As the site is a repository for a wide audience, it is important to always explain objectively the difficulty encountered in advancing the solution, so that the answers can focus on a very specific problem, instead of providing "complete ready solution"even if it wasn’t intentional. To better enjoy the site, understand and avoid closures and negativations worth understanding What is the Stack Overflow and read the Stack Overflow Survival Guide (summarized) in Portuguese.

– Bacco

2020/11/15 at 00:44
2

The trivial is to use an analyzer generator like the Pybison or Lark instead of the native regular expression library.

– Augusto Vasques

2020/11/15 at 00:57
1

A regular language can be expressed by a regular expression. Your BNF is a context-free grammar and therefore cannot be represented by a regular expression.

– anonimo

2020/11/15 at 13:30

1 answer

Browser other questions tagged python regex

You are not signed in. Login or sign up in order to post.

by hkotsubo • **55,826** points · Answer 1 · 2020-11-15T00:40:21+00:00

^{In accordance with informed in the comments, regex is not the ideal tool for this (there are suggested more suitable options), and on this subject I also suggest you read here and here. That said, let’s go to the regex.}

The first BNF says that "element" repeats once or more. In turn, an "element" is a sequence of a letter A or B, followed by a digit 1 or 2.

The problem is you used [A-B-1-2], meaning "letter A or B, or hyphen, or 1 or 2". That is, it even takes valid cases like "A1" and "A2B1" but also takes invalid cases like "----" and "1212A". If the idea is to always make an alternate letter and digit, and this sequence can be repeated several times, the regex should be:

r = re.compile('^([AB][12])+$')

So I have [AB] (letter A or B), followed by [12] (digit 1 or 2), and this sequence repeats once or more.

The second is a little more complicated and think which is not possible with regex, as its definition is recursive (and without a base case):

"factor" can be an "Exp" in parentheses
"Exp" can be a "term"
"term" can be a "factor"
"factor" can be an "Exp" in parentheses
...

Of course there is recursive regex, but Python does not support natively (and frankly, it is such a complicated business that I question whether it would be worth using).

But just for the record, I used the module regex (which has recursive regex support) and tried to implement this little "monster":

import regex

r = regex.compile(r"""(?(DEFINE)
       (?<digit>     (?: [0-9] ) )
       (?<factor>    (?: \( (?&exp) \) | (?&digit) ) )
       (?<term>      (?: (?&term) \* (?&term) | (?&factor) ) )
       (?<exp>       (?: (?&exp) \+ (?&exp) | (?&term)  ) )
    )
    ^ (?&exp) $
""", regex.VERBOSE)

Basically she tries to use subroutines, which allows the same subexpression to be used recursively.

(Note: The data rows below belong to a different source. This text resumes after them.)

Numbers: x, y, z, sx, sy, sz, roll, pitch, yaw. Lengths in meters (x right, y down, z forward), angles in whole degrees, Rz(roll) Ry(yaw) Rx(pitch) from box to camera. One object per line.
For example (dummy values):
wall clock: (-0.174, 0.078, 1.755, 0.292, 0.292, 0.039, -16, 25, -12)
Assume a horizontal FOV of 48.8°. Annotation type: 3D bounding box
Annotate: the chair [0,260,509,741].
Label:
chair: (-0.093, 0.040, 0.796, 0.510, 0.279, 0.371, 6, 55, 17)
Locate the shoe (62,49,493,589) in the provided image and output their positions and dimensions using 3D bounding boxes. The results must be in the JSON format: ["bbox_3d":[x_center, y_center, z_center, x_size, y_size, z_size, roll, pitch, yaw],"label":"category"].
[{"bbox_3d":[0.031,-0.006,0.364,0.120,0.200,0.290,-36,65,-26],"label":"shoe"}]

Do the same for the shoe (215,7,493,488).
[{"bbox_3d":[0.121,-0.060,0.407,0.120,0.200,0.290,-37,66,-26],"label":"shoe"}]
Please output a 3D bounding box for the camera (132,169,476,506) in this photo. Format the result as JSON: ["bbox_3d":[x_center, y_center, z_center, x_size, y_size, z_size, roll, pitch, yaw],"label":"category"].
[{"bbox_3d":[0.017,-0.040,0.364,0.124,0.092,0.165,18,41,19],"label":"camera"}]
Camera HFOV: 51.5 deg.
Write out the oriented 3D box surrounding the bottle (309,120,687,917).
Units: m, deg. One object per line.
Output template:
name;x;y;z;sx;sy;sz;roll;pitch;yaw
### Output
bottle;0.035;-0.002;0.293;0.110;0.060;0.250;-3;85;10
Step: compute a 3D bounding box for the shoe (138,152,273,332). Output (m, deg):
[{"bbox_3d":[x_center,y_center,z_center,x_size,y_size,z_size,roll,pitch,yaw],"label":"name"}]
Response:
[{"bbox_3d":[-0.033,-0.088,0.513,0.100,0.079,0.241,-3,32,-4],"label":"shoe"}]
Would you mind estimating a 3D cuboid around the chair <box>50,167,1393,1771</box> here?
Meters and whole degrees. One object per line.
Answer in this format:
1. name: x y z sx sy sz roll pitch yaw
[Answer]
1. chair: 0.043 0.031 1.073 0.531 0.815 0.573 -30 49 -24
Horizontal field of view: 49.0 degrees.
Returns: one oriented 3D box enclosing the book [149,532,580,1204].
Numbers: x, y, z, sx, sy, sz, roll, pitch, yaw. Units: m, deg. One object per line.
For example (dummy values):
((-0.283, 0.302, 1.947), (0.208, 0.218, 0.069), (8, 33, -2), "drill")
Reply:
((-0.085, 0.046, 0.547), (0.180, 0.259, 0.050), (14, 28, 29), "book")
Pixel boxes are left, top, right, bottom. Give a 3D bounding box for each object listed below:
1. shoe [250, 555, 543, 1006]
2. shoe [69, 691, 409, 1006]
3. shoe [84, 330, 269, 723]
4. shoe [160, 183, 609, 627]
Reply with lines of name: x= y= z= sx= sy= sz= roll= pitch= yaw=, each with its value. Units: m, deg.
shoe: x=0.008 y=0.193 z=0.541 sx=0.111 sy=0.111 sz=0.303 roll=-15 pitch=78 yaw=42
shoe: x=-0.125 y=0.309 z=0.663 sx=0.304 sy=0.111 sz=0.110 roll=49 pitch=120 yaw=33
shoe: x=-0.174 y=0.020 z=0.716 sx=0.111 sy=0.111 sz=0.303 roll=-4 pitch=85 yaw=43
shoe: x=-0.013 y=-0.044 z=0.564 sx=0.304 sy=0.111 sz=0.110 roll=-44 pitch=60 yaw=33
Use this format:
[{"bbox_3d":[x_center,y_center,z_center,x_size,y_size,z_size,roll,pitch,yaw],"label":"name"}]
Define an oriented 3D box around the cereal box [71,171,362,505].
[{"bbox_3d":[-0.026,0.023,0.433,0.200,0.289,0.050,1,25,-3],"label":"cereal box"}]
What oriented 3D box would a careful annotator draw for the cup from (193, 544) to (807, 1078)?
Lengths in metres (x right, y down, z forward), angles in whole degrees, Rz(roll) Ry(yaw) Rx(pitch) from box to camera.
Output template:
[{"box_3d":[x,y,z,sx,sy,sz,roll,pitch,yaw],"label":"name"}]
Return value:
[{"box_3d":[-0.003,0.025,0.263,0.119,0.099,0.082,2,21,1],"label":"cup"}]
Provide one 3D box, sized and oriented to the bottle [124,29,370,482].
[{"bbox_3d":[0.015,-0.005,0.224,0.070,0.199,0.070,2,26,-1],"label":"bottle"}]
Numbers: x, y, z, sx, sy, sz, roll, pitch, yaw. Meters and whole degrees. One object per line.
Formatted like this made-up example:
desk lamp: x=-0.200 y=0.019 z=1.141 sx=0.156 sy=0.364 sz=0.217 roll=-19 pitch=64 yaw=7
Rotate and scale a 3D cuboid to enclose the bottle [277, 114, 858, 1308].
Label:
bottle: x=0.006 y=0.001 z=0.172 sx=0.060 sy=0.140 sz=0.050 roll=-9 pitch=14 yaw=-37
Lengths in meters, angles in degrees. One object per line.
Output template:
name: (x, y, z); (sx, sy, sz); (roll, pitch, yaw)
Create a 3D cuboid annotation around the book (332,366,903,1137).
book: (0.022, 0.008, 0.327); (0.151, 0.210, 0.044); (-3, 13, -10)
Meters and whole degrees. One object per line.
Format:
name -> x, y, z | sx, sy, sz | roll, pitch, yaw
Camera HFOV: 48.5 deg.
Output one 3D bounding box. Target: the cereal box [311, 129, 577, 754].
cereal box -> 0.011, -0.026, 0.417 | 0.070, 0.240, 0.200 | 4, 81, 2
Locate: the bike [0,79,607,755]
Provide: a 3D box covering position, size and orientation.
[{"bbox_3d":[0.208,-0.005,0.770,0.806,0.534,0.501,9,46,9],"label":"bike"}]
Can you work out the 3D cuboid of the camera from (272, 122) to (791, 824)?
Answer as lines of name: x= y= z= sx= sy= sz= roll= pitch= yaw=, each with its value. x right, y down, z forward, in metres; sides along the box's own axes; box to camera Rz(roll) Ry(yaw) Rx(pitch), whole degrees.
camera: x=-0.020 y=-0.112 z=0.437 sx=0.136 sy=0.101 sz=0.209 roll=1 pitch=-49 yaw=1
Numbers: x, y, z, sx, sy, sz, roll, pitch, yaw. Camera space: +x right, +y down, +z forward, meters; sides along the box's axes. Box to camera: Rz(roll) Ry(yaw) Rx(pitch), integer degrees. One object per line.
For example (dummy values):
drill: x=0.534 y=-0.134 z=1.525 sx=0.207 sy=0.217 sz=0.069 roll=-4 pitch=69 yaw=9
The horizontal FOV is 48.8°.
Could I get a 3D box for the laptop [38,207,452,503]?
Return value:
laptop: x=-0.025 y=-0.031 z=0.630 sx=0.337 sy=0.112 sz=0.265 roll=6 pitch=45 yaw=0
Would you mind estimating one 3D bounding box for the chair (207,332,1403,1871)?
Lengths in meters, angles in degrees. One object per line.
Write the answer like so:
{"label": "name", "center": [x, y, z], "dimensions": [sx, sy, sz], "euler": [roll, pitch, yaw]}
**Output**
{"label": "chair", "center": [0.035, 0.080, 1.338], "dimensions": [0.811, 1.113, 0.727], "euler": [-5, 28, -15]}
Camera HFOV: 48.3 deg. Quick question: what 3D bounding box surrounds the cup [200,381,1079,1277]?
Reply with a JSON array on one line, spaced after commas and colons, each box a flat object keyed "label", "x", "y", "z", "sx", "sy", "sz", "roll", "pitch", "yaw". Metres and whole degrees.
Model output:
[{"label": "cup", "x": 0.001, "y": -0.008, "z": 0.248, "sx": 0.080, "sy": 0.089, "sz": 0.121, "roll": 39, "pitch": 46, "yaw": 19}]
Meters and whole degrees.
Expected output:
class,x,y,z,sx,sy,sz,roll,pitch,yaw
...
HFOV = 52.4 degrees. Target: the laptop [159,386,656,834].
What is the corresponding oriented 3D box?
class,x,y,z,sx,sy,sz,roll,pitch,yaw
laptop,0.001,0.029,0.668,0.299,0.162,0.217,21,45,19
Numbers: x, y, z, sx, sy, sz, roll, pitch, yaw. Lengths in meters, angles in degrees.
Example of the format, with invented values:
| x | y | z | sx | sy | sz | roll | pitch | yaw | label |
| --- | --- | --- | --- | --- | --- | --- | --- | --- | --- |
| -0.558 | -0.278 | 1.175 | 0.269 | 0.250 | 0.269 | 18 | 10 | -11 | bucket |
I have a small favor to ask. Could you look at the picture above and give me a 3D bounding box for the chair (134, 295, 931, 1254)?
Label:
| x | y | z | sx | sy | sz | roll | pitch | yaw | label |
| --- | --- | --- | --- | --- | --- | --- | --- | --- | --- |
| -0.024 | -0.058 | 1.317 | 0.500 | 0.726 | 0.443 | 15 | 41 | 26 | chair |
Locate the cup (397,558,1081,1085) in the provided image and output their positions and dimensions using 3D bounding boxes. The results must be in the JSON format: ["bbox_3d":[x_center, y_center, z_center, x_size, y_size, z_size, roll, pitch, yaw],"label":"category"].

But as it turned around, there was a MemoryError. I tested this same regex on the regex101.com site and a "engine error occurred" (see here):

The match was Halted because your Expression contains a recursive loop. This Means either that the Whole Pattern, or a subpattern, has been called recursively for the Second time at the same position in the Subject string.

That is, I think it is not possible, precisely because it has a recursive definition (an expression that may have terms, that may have factors, that may be other expressions, etc.) and without a base case on which it can end.